It began with a simple idea: By repeating a certain sequence of knit and purl stitches again and again, you can create gorgeous and often reversible fabric. This is the same concept behind basic ribbing, seed stitch, mistake-rib stitch, and the like—but on steroids.
The concept is so simple, in fact, that Cecelia Campochiaro was surprised nobody else had explored it. She spent four years doing just that, with the methodical mind of a Silicon Valley engineer and the passion of a lifelong knitter. This book—a stunning, 387-page tome weighing over four-and-a-half pounds—is the result of her work.
Pedigreed Pages
Campochiaro may be a newcomer to the world of knitting, but she partnered with a strong team. The book was tech edited by Renée Lorion, who cut her teeth at Vogue Knitting; and designed in collaboration with Vanessa Yap-Einbund, co-author of Ori Ami Knits and designer of both the Habu and Woolfolk websites. It comes with the back-cover endorsements of brioche queen Nancy Marchant and Catherine Lowe, one of the most intelligent and sophisticated designers I’ve ever met. Which is to say, this book has both intelligence and pedigree.
Patterns, Textures, Motifs
If you were to leaf through the book quickly, you might get a sense of deja vu from some of the swatches, which do look alike. Pause, look more closely, compare the charts, and you’ll begin to see the magic and nuance that’s possible in sequence knitting: “…the freedom to create complex fabrics without having to follow charts or detailed instructions.”

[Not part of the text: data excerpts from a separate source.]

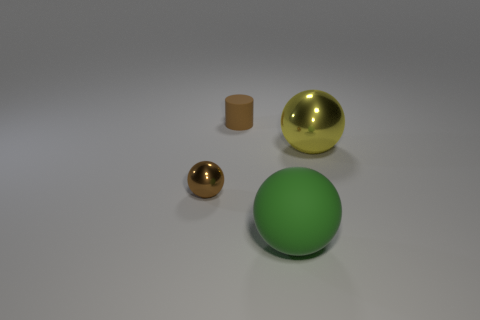Subtract all gray spheres. Subtract all purple cylinders. How many spheres are left? 3 Add 4 big green things. How many objects exist? 8 Subtract all cylinders. How many objects are left? 3 Add 4 brown cylinders. How many brown cylinders exist? 5 Subtract 0 yellow cylinders. How many objects are left? 4 Subtract all blue shiny balls. Subtract all tiny brown matte cylinders. How many objects are left? 3 Add 3 small rubber objects. How many small rubber objects are left? 4 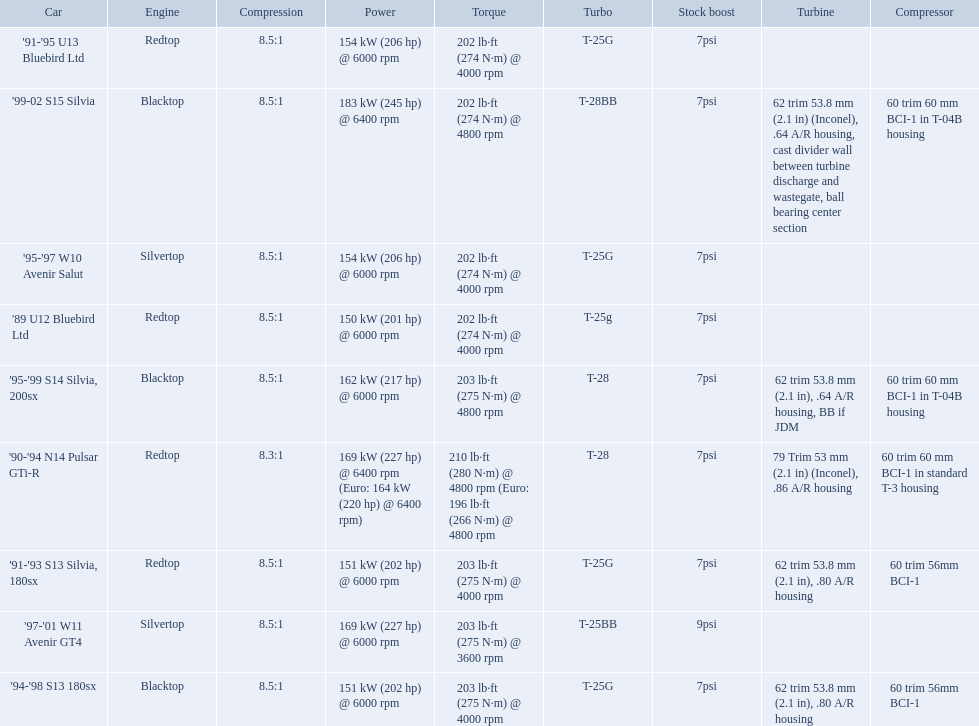Which cars featured blacktop engines? '94-'98 S13 180sx, '95-'99 S14 Silvia, 200sx, '99-02 S15 Silvia. Which of these had t-04b compressor housings? '95-'99 S14 Silvia, 200sx, '99-02 S15 Silvia. Which one of these has the highest horsepower? '99-02 S15 Silvia. What are all of the cars? '89 U12 Bluebird Ltd, '91-'95 U13 Bluebird Ltd, '95-'97 W10 Avenir Salut, '97-'01 W11 Avenir GT4, '90-'94 N14 Pulsar GTi-R, '91-'93 S13 Silvia, 180sx, '94-'98 S13 180sx, '95-'99 S14 Silvia, 200sx, '99-02 S15 Silvia. What is their rated power? 150 kW (201 hp) @ 6000 rpm, 154 kW (206 hp) @ 6000 rpm, 154 kW (206 hp) @ 6000 rpm, 169 kW (227 hp) @ 6000 rpm, 169 kW (227 hp) @ 6400 rpm (Euro: 164 kW (220 hp) @ 6400 rpm), 151 kW (202 hp) @ 6000 rpm, 151 kW (202 hp) @ 6000 rpm, 162 kW (217 hp) @ 6000 rpm, 183 kW (245 hp) @ 6400 rpm. Which car has the most power? '99-02 S15 Silvia. 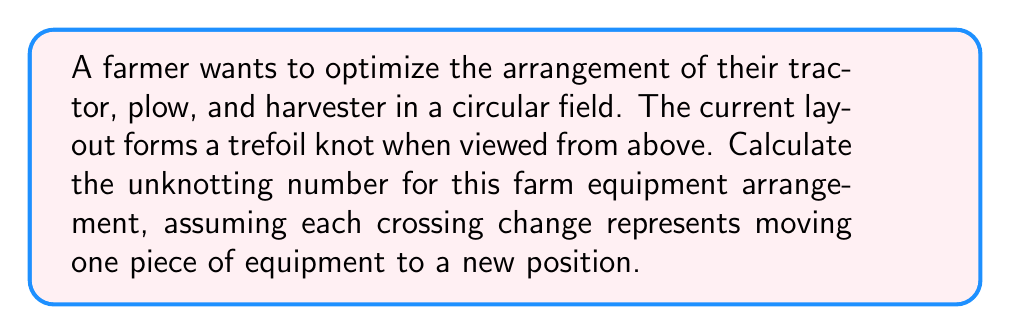Help me with this question. To solve this problem, we need to understand the concept of unknotting number and apply it to the trefoil knot formed by the farm equipment arrangement.

Step 1: Understand the unknotting number
The unknotting number of a knot is the minimum number of crossing changes required to transform the knot into an unknot (a simple closed curve with no crossings).

Step 2: Identify the knot
The problem states that the arrangement forms a trefoil knot. The trefoil knot is one of the simplest non-trivial knots.

Step 3: Recall the unknotting number of a trefoil knot
The unknotting number of a trefoil knot is 1. This means that changing any one of the three crossings in a trefoil knot diagram will result in an unknot.

Step 4: Interpret the result in terms of farm equipment
Each crossing change represents moving one piece of equipment to a new position. Therefore, the farmer needs to move only one piece of equipment (either the tractor, plow, or harvester) to a new position to simplify the arrangement into a circular layout without any crossings.

The unknotting number can be expressed mathematically as:

$$u(K_{trefoil}) = 1$$

Where $u(K)$ represents the unknotting number of a knot $K$.
Answer: 1 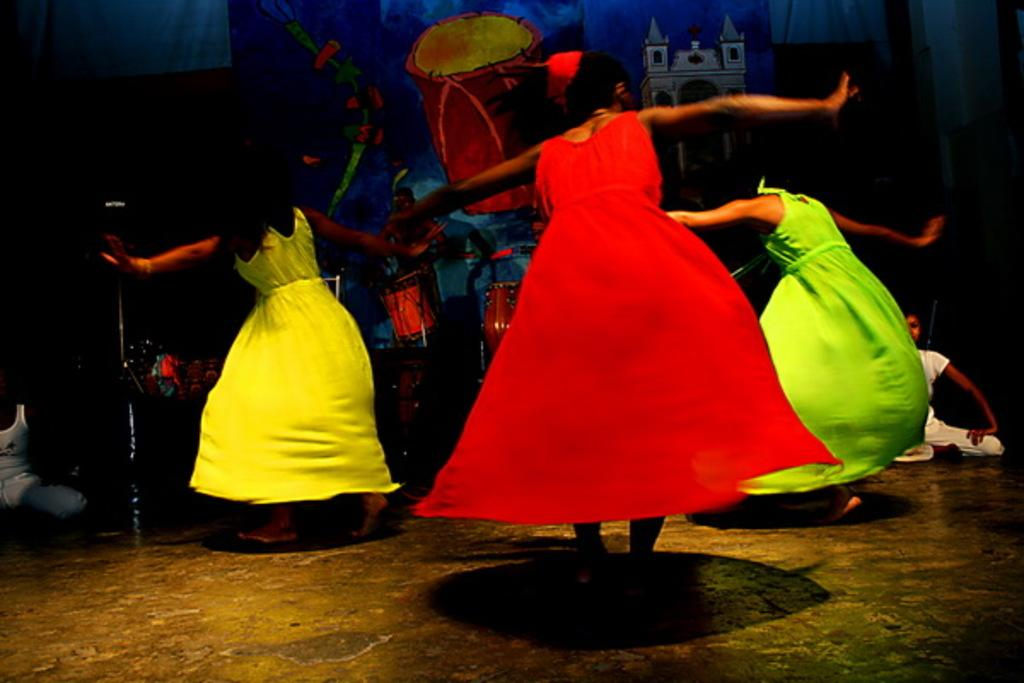How many women are in the image? There are three women in the image. What are the women wearing? The women are wearing frocks. What are the women doing in the image? The women are dancing. What can be seen in the background of the image? There are musical drums in the background. Can you describe the banner in the image? The banner has a musical drum and a building on it. How many people are in the image? There are two people in the image. What type of suit is the rose wearing in the image? There is no rose or suit present in the image. Is there a veil visible on any of the women in the image? No, there is no veil visible on any of the women in the image. 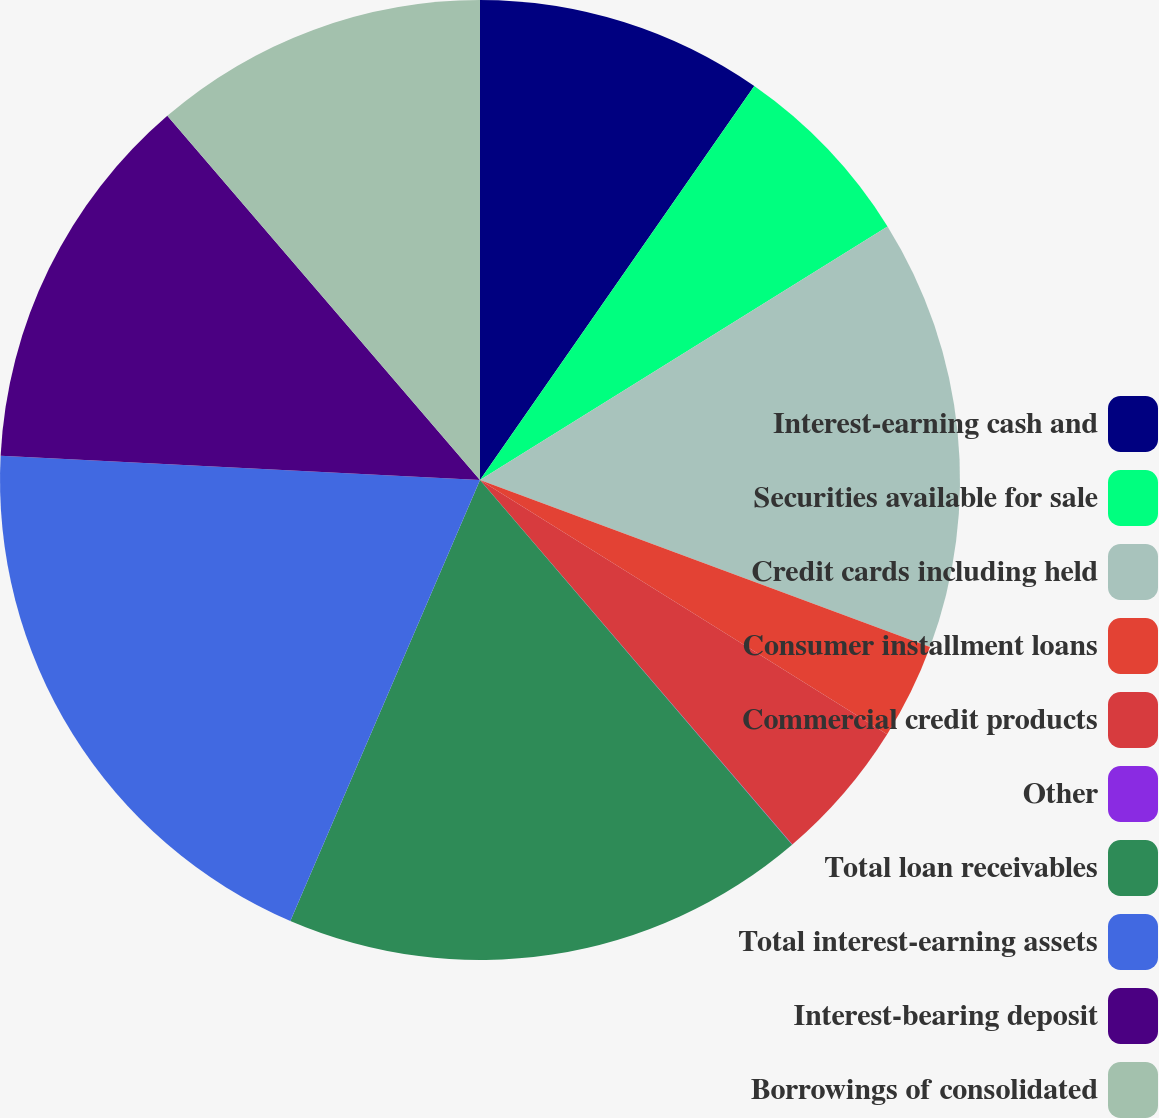Convert chart to OTSL. <chart><loc_0><loc_0><loc_500><loc_500><pie_chart><fcel>Interest-earning cash and<fcel>Securities available for sale<fcel>Credit cards including held<fcel>Consumer installment loans<fcel>Commercial credit products<fcel>Other<fcel>Total loan receivables<fcel>Total interest-earning assets<fcel>Interest-bearing deposit<fcel>Borrowings of consolidated<nl><fcel>9.68%<fcel>6.46%<fcel>14.51%<fcel>3.23%<fcel>4.84%<fcel>0.01%<fcel>17.73%<fcel>19.34%<fcel>12.9%<fcel>11.29%<nl></chart> 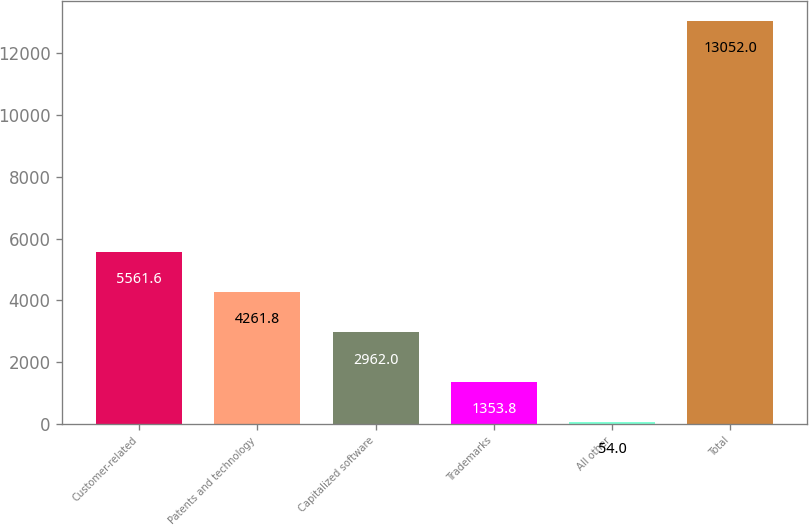Convert chart to OTSL. <chart><loc_0><loc_0><loc_500><loc_500><bar_chart><fcel>Customer-related<fcel>Patents and technology<fcel>Capitalized software<fcel>Trademarks<fcel>All other<fcel>Total<nl><fcel>5561.6<fcel>4261.8<fcel>2962<fcel>1353.8<fcel>54<fcel>13052<nl></chart> 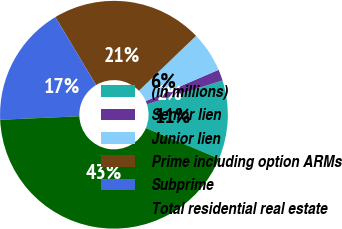Convert chart. <chart><loc_0><loc_0><loc_500><loc_500><pie_chart><fcel>(in millions)<fcel>Senior lien<fcel>Junior lien<fcel>Prime including option ARMs<fcel>Subprime<fcel>Total residential real estate<nl><fcel>11.16%<fcel>1.59%<fcel>5.73%<fcel>21.41%<fcel>17.11%<fcel>43.0%<nl></chart> 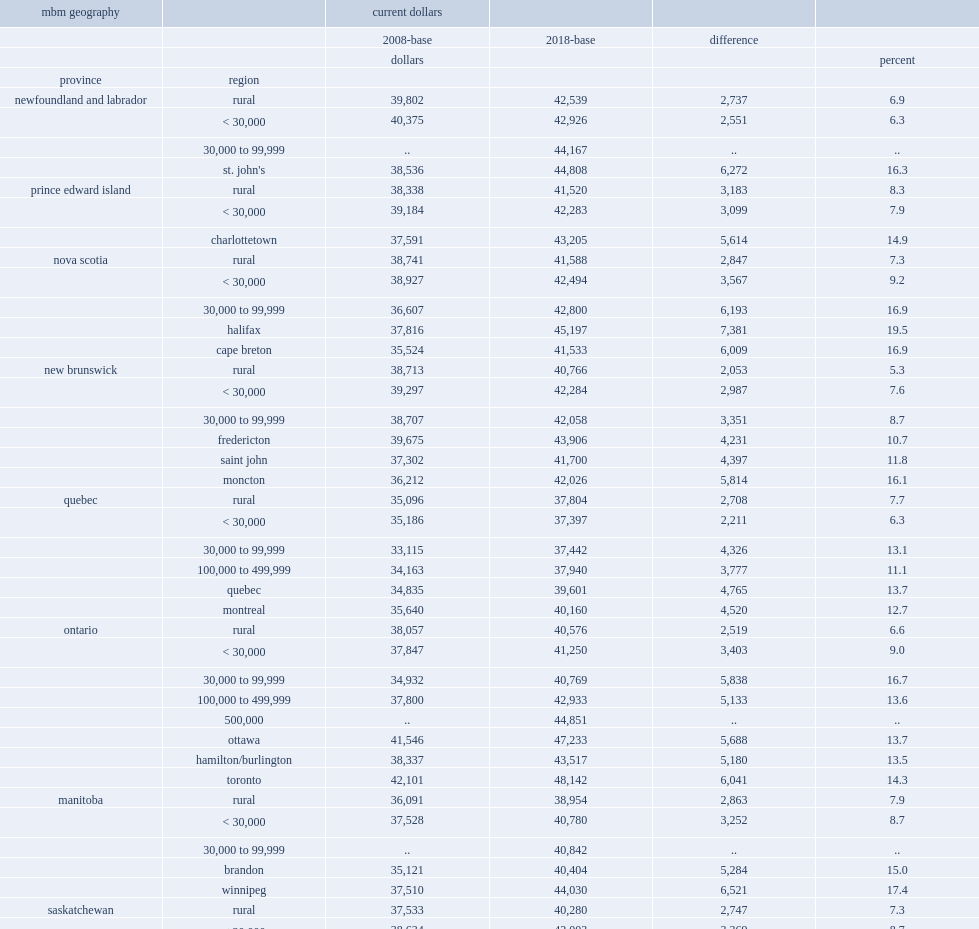For vancouver, what is the mbm threshold for a family of four under the 2008-base methodology? 40644.0. For vancouver, what is the mbm threshold for a family of four under the 2018-base methodology? 48677.0. For vancouver, how many dollars of the mbm threshold for a family of four under has increased from 2008-base methodology to the 2018-base methodology? 8033.0. 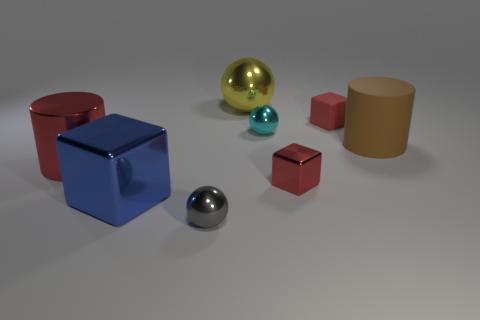Do the objects appear to be arranged in any particular pattern? The objects are scattered and don't seem to follow a specific pattern. They are spaced apart randomly on a smooth surface, creating an interesting mix of shapes and colors without any apparent order. 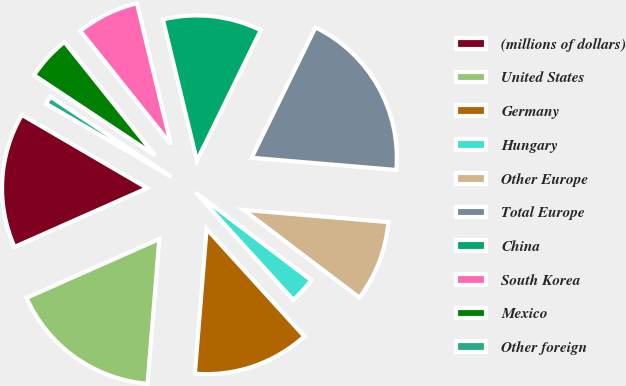<chart> <loc_0><loc_0><loc_500><loc_500><pie_chart><fcel>(millions of dollars)<fcel>United States<fcel>Germany<fcel>Hungary<fcel>Other Europe<fcel>Total Europe<fcel>China<fcel>South Korea<fcel>Mexico<fcel>Other foreign<nl><fcel>15.05%<fcel>17.07%<fcel>13.03%<fcel>2.93%<fcel>8.99%<fcel>19.09%<fcel>11.01%<fcel>6.97%<fcel>4.95%<fcel>0.91%<nl></chart> 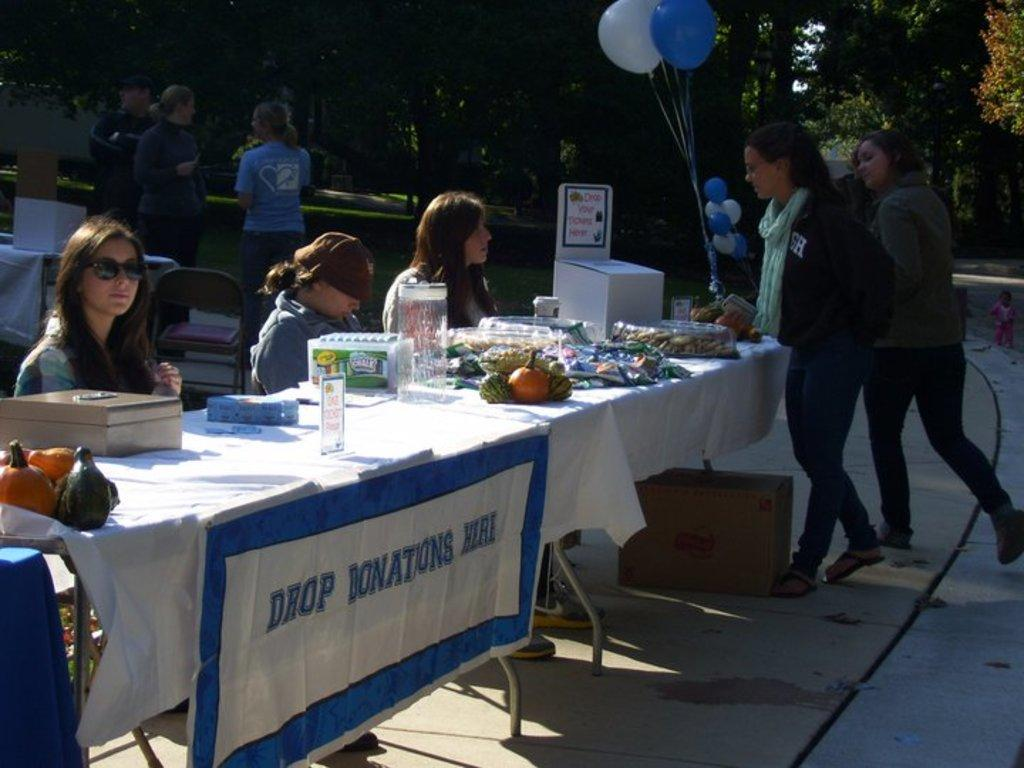How many women are sitting at the table in the image? There are three women sitting at the table in the image. What type of table is depicted in the image? The table is a donation table. Are there any other people approaching the table? Yes, there are two women approaching the table. What type of bat is hanging from the ceiling in the image? There is no bat present in the image; it features three women sitting at a donation table with two women approaching. 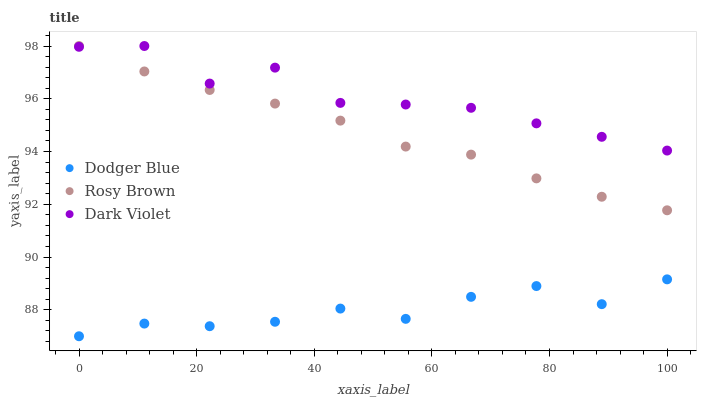Does Dodger Blue have the minimum area under the curve?
Answer yes or no. Yes. Does Dark Violet have the maximum area under the curve?
Answer yes or no. Yes. Does Dark Violet have the minimum area under the curve?
Answer yes or no. No. Does Dodger Blue have the maximum area under the curve?
Answer yes or no. No. Is Rosy Brown the smoothest?
Answer yes or no. Yes. Is Dark Violet the roughest?
Answer yes or no. Yes. Is Dodger Blue the smoothest?
Answer yes or no. No. Is Dodger Blue the roughest?
Answer yes or no. No. Does Dodger Blue have the lowest value?
Answer yes or no. Yes. Does Dark Violet have the lowest value?
Answer yes or no. No. Does Dark Violet have the highest value?
Answer yes or no. Yes. Does Dodger Blue have the highest value?
Answer yes or no. No. Is Dodger Blue less than Rosy Brown?
Answer yes or no. Yes. Is Rosy Brown greater than Dodger Blue?
Answer yes or no. Yes. Does Dark Violet intersect Rosy Brown?
Answer yes or no. Yes. Is Dark Violet less than Rosy Brown?
Answer yes or no. No. Is Dark Violet greater than Rosy Brown?
Answer yes or no. No. Does Dodger Blue intersect Rosy Brown?
Answer yes or no. No. 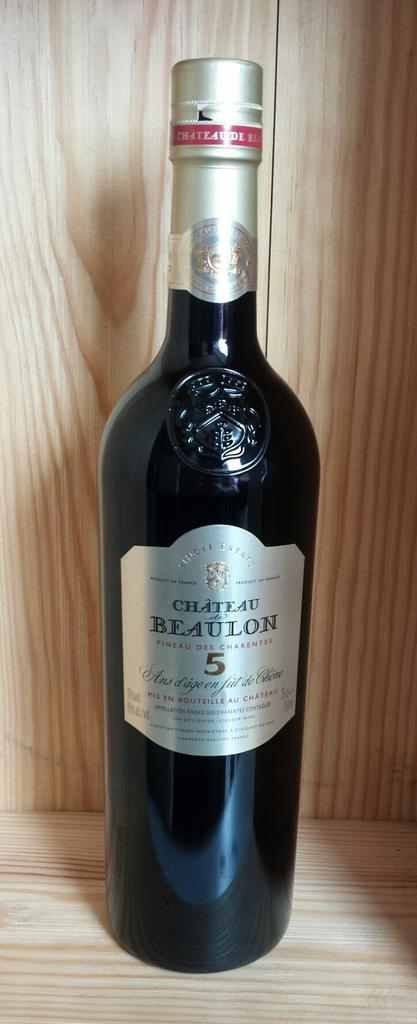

The stitch patterns in this book—really almost like fabric textures or motifs based on different repetitions of knits and purls—are provided in written and charted form. All motifs are photographed on both sides, a tiny nuance few other books bother to do, perhaps for the simple reason that the reverse side of many pretty stitch patterns can be rather unremarkable. Here, they are not. They’re often reversible, always intriguing.
Patterns are divided into the one-row method, in which the sequence length is divisible by the total number of stitches in your row; and the “serpentine” method, in which the sequence length is not an even multiple and has to be completed in the next row—like a sentence that runs over one line and into the next; and the spiral method, in which the sequence is worked in the round, with examples of stacking motifs and ones that stagger.
All the swatches were knit in the same grey yarn—chosen, she explained to Tom van Deijnen in an interview, so that the readers’ imagination could fill in the color blanks themselves.
This is an intelligent book (you’ll find binomial coefficients and computations involving n) but it’s also extremely easy to work through at face value, swatch by swatch. If swatching for swatching’s sake isn’t your thing, you’ll also find several charmingly simple patterns for cowls and scarves, each illustrating a different characteristic of sequence knitting.
Perhaps what I love most is the fact that Campochiaro does not claim to have invented anything.
Perhaps what I love most is the fact that Campochiaro does not claim to have invented anything. She was introduced to the notion of sequence knitting while working Stephanie Pearl-McPhee’s One-Row Handspun Scarf. That scarf may have sparked ideas, but Campochiaro still doesn’t claim ownership of any grand, entirely new and self-trademarked revelations. Rather, she refers to Elizabeth Zimmermann in suggesting that her work is more of an “unvention,” and provides an extensive bibliography for all those interested in exploring these ideas further.
This book’s impeccable execution, both technically and physically, are proof that the line between self-published and traditionally published books has disappeared. It is hefty and beautiful, comprehensive and thorough. If Cecelia made any compromises in its production, they are invisible to me.
She picks up the ball of inspiration and runs with it, producing an exquisitely subtle and geeky collection that will keep you swatching and learning—and smiling at your work—for a long, long time.